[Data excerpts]
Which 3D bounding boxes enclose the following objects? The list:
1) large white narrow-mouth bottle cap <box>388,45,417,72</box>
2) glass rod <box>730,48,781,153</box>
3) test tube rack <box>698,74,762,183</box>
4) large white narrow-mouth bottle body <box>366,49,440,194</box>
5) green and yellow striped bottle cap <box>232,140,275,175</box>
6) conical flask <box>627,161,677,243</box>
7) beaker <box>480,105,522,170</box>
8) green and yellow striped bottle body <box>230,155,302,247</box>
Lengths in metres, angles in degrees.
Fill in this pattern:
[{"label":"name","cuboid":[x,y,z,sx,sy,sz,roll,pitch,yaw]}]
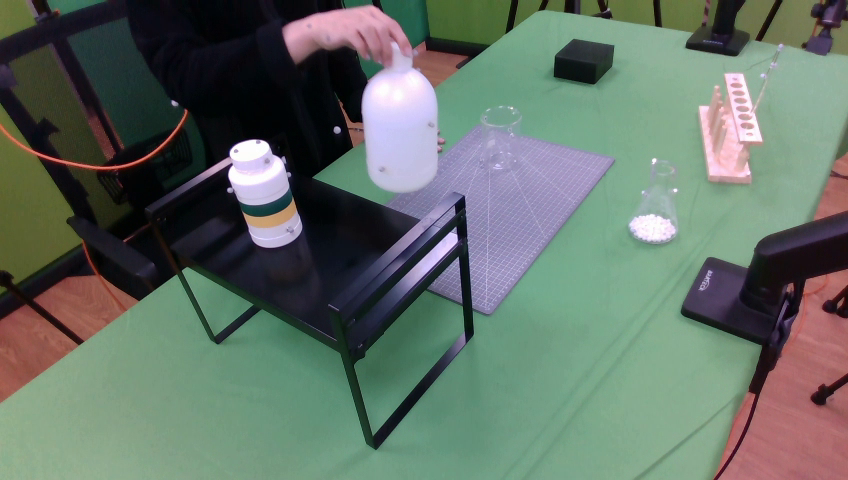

*TASK GOAL*.
Pictures aside, write out all of the records exactly.

*EXERCISE RESPONSE*.
Which 3D bounding boxes enclose the following objects? The list:
1) large white narrow-mouth bottle cap <box>388,45,417,72</box>
2) glass rod <box>730,48,781,153</box>
3) test tube rack <box>698,74,762,183</box>
4) large white narrow-mouth bottle body <box>366,49,440,194</box>
5) green and yellow striped bottle cap <box>232,140,275,175</box>
6) conical flask <box>627,161,677,243</box>
7) beaker <box>480,105,522,170</box>
8) green and yellow striped bottle body <box>230,155,302,247</box>
Lengths in metres, angles in degrees.
Fill in this pattern:
[{"label":"name","cuboid":[x,y,z,sx,sy,sz,roll,pitch,yaw]}]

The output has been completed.